I currently add multiple GET requests here:

response1 = requests.get("https://api.site/data/5555/838916.ndjson",headers=headers)
response2 = requests.get("https://api.site/data/5555/838917.ndjson",headers=headers)
response3 = requests.get("https://api.site/data/5555/838918.ndjson",headers=headers)

Advertisement

Answer

If I understood your question correctly, you send some request which returns you provided JSON object. You need to send requests to every url from this object and merge data into a single container (e.g. dict).

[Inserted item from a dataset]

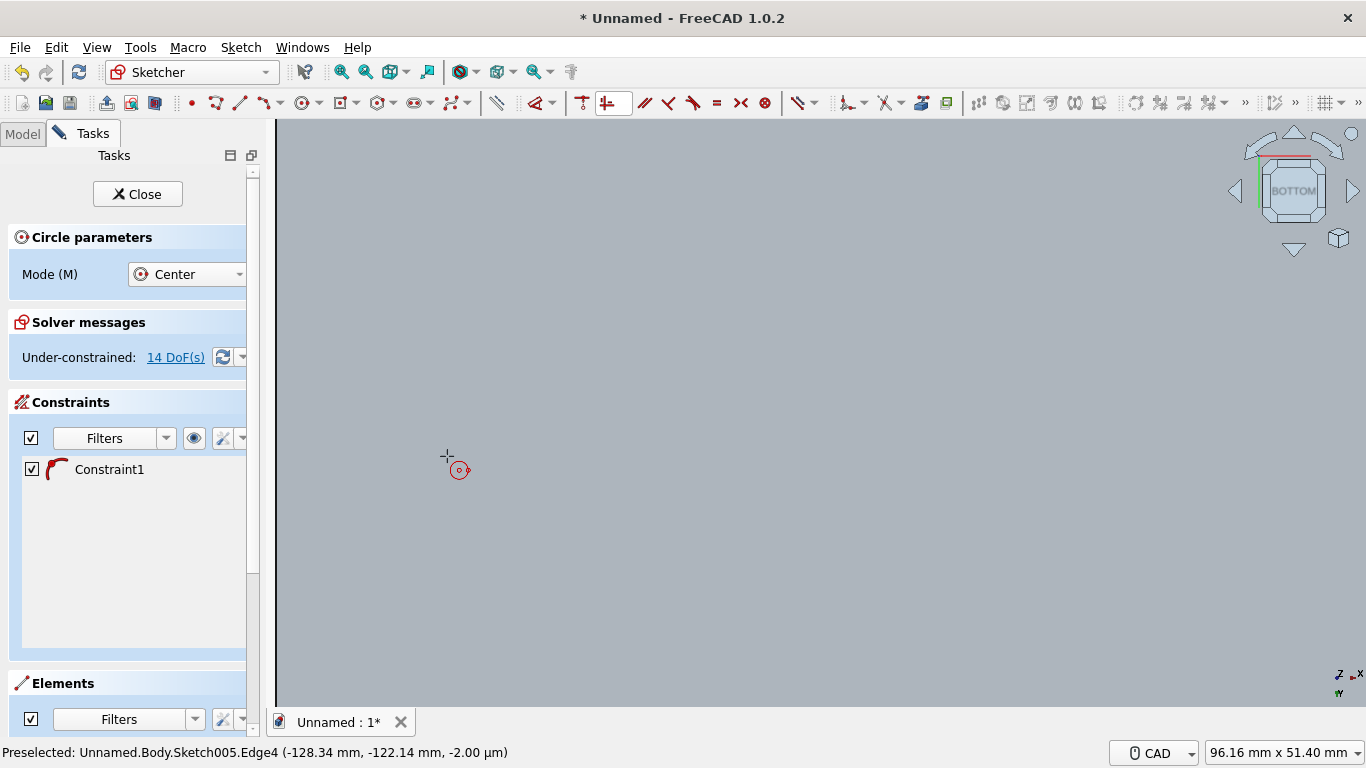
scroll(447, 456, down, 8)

from requests import Session

headers = { ... }  # some headers

sess = Session()
sess.headers.update(headers)

resp = sess.get("https://api.site/data/5555/$export")
for item in resp.json()["output"]:
    ndjson = sess.get(item["url"])
    # here some code to process ndjson.text

Normally ndjson is a list of JSON objects separated by newline char, so without actual data it’s not possible to help with code which will store this data in proper (for future parsing) format.